The U.S. FDA has approved KERENDIA® (finerenone), a non-steroidal mineralocorticoid receptor antagonist (nsMRA), for treating adults with heart failure (HF) and left ventricular ejection fraction (LVEF) ≥40%. This approval follows a Priority Review and is based on findings from the Phase III FINEARTS-HF trial.
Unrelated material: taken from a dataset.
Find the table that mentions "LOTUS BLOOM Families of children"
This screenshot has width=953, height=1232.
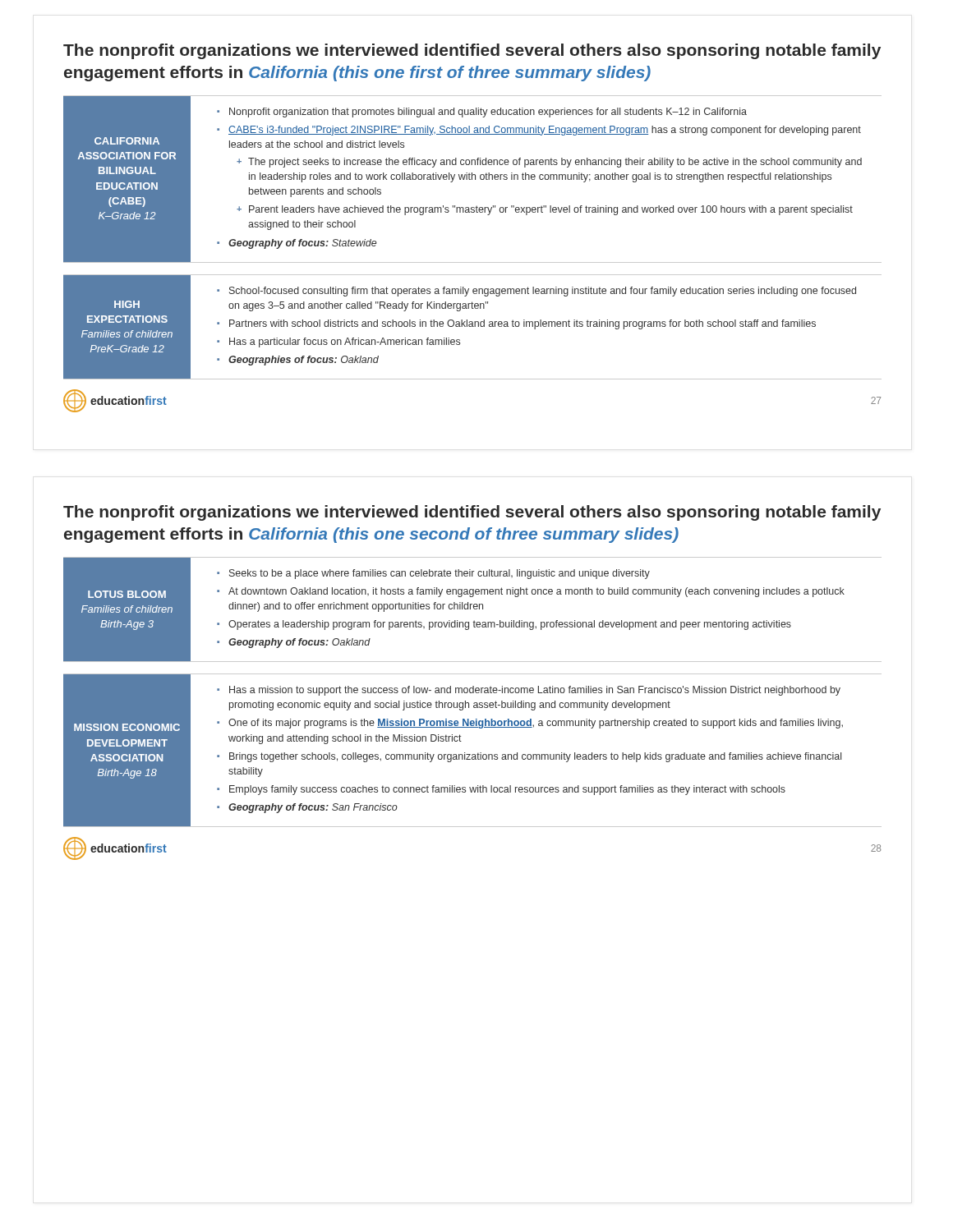472,692
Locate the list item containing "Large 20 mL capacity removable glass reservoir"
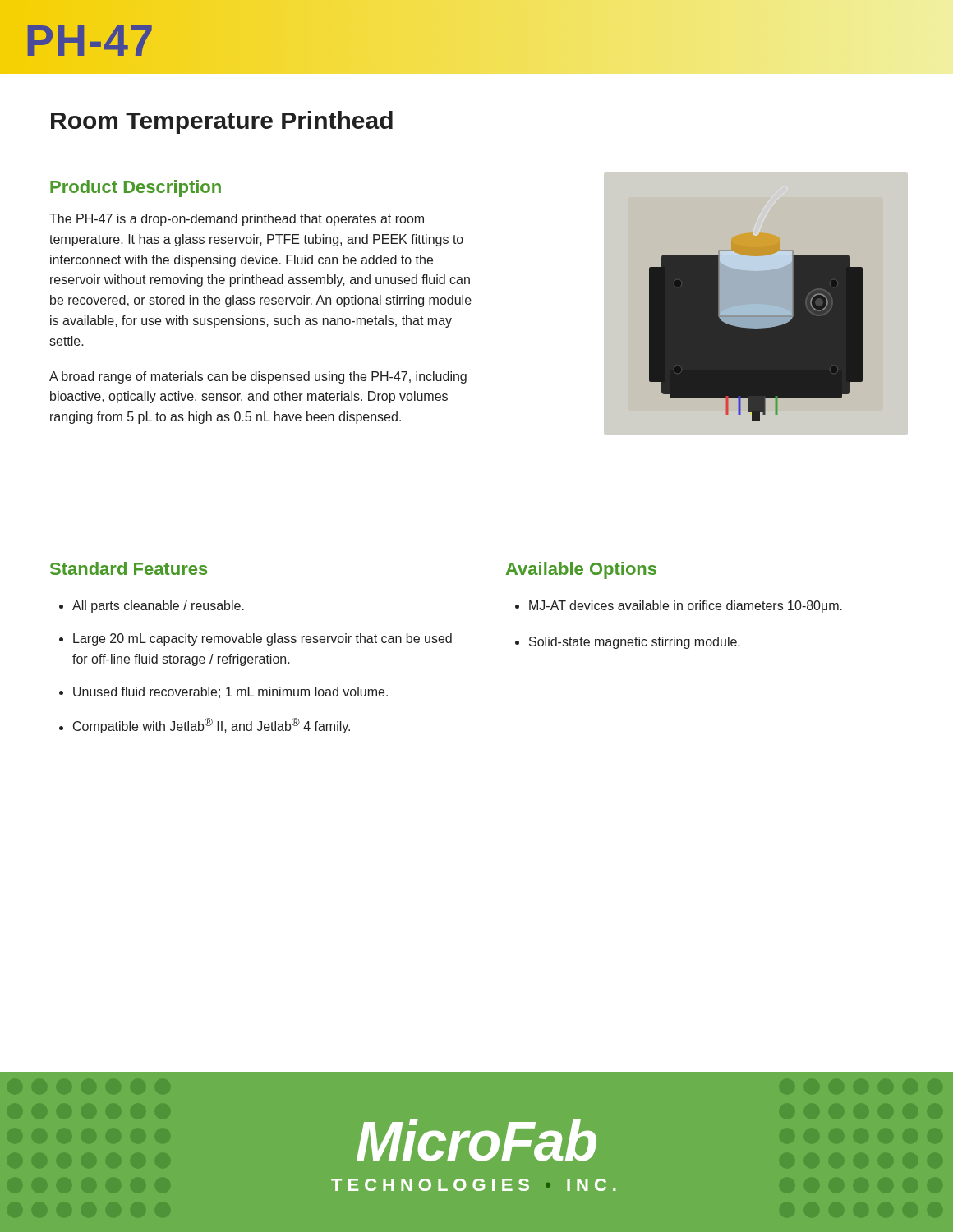The height and width of the screenshot is (1232, 953). click(x=262, y=649)

The new indication allows KERENDIA to be used for reducing cardiovascular (CV) death, hospitalization for heart failure, and urgent heart failure visits in patients with mildly reduced (HFmrEF) or preserved ejection fraction (HFpEF).
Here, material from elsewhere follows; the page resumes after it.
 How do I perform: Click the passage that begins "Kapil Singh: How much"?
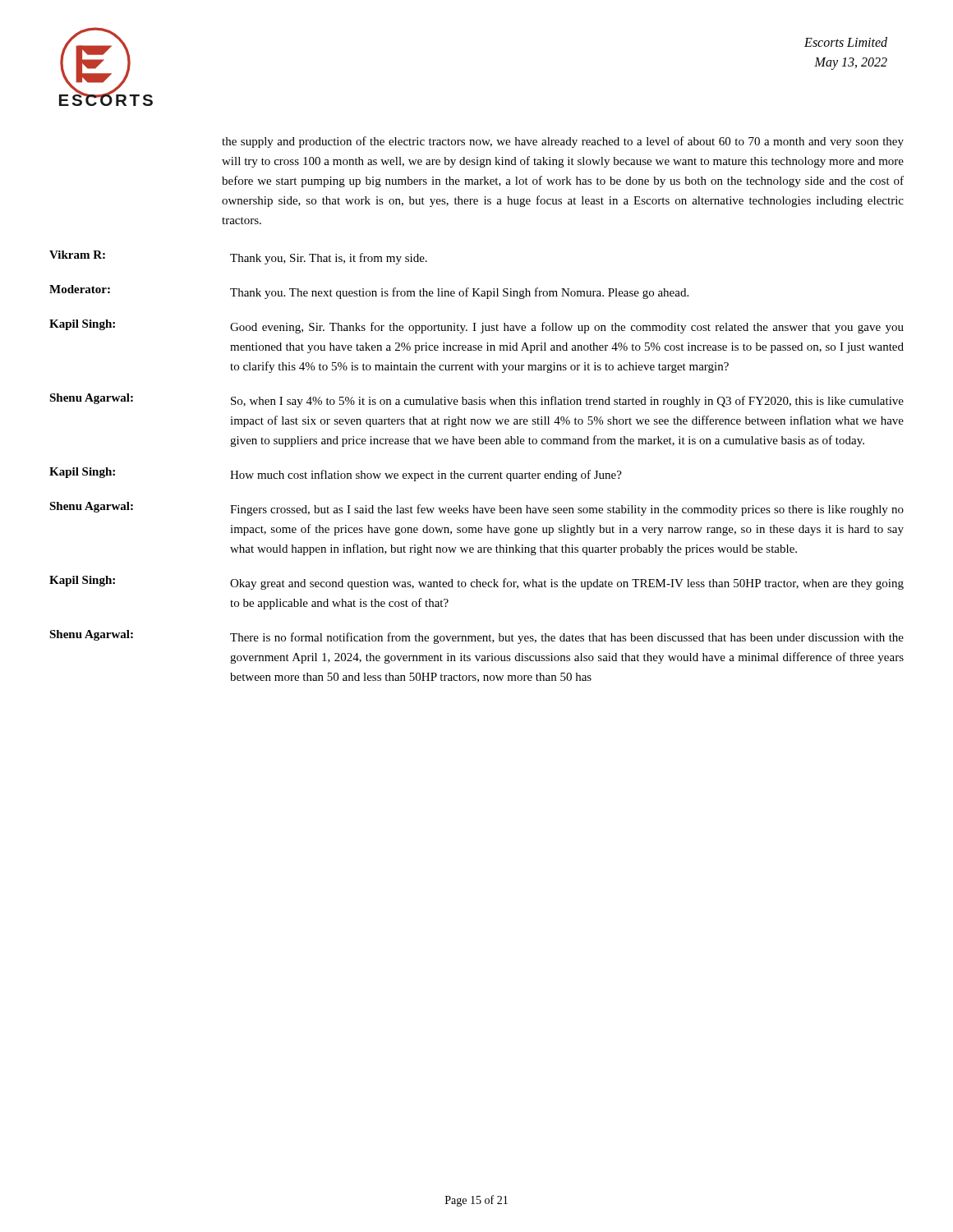click(476, 475)
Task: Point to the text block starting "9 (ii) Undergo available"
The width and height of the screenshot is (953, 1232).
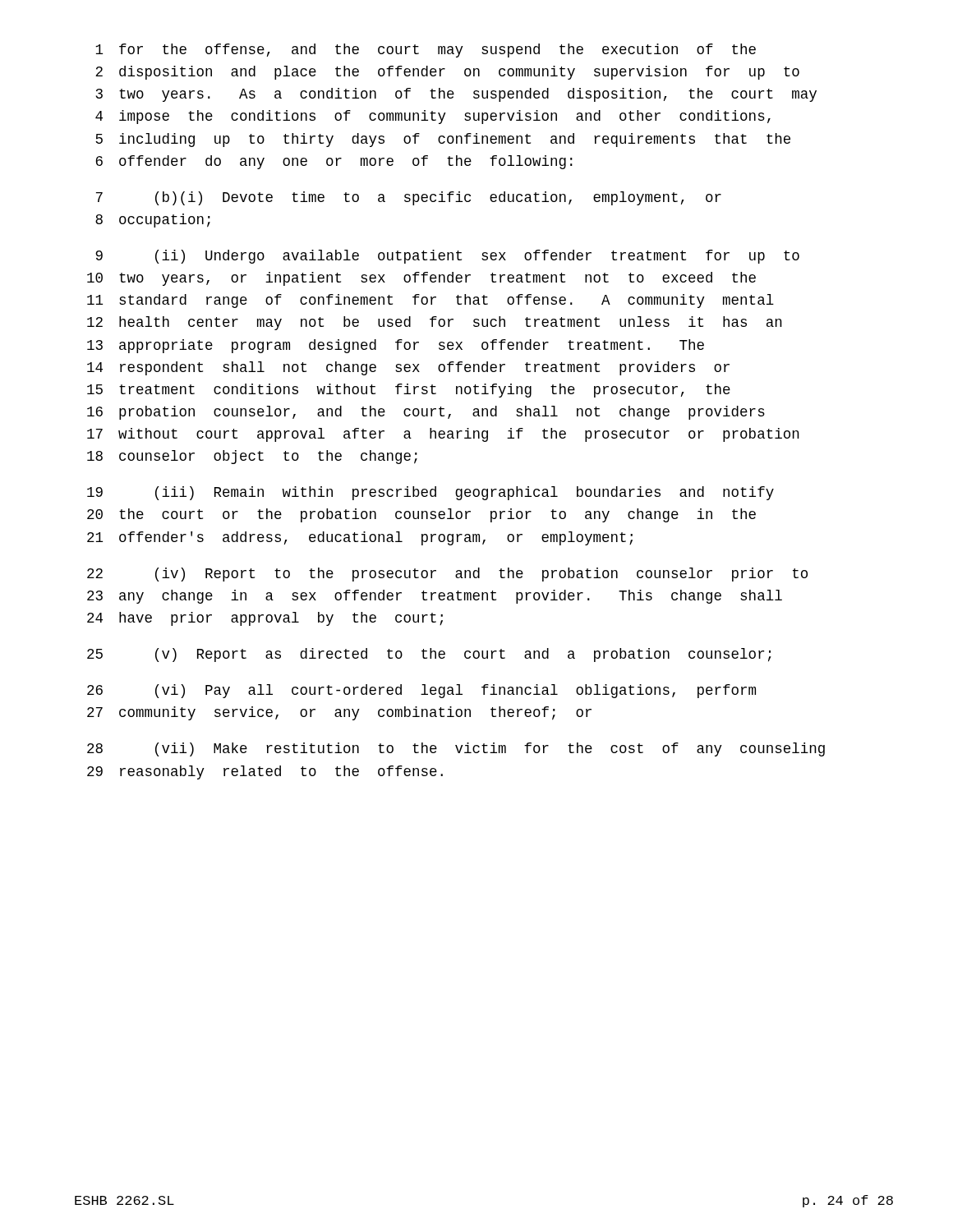Action: pyautogui.click(x=484, y=357)

The FINEARTS-HF trial enrolled over 6,000 symptomatic heart failure patients (NYHA class II–IV) with LVEF ≥40%, randomized to receive finerenone or placebo. Over a follow-up of up to 42 months, finerenone showed a 16% relative risk reduction in the composite primary endpoint of CV death or total HF events compared to placebo (RR 0.84, 95% CI: 0.74–0.95; p=0.007). Heart failure hospitalizations were also reduced by 18%, although reduction in CV death (7%) was not statistically significant.
The safety profile of KERENDIA remained consistent with earlier trials, with the most common adverse effects including hyperkalemia (9.7% vs 4.2% with placebo), hypotension (7.6% vs 4.7%), and hyponatremia (1.9% vs 0.9%). Events of worsening renal function occurred more often in the treatment group (18% vs 12%).
KERENDIA’s expanded role marks a pivotal shift in HFpEF management, positioning it as a second therapeutic pillar alongside SGLT2 inhibitors. Experts, including Dr. Scott Solomon and Dr. Marat Fudim, emphasized its potential due to better tolerability compared to steroidal MRAs and its efficacy across diverse HF patient subgroups.
This approval is part of Bayer’s larger MOONRAKER program, which includes more than 15,000 patients across four ongoing Phase III trials aimed at evaluating finerenone in varying HF conditions. Since 2021, KERENDIA has been approved for reducing cardiovascular and renal risks in adults with CKD associated with type 2 diabetes.
Now, with this expanded label, KERENDIA addresses an estimated 3.7 million U.S. adults with HF and LVEF ≥40%, providing an evidence-based option to reduce the high risk of hospitalizations and mortality in this underserved patient population. Detailed FINEARTS-HF results were also published in the New England Journal of Medicine.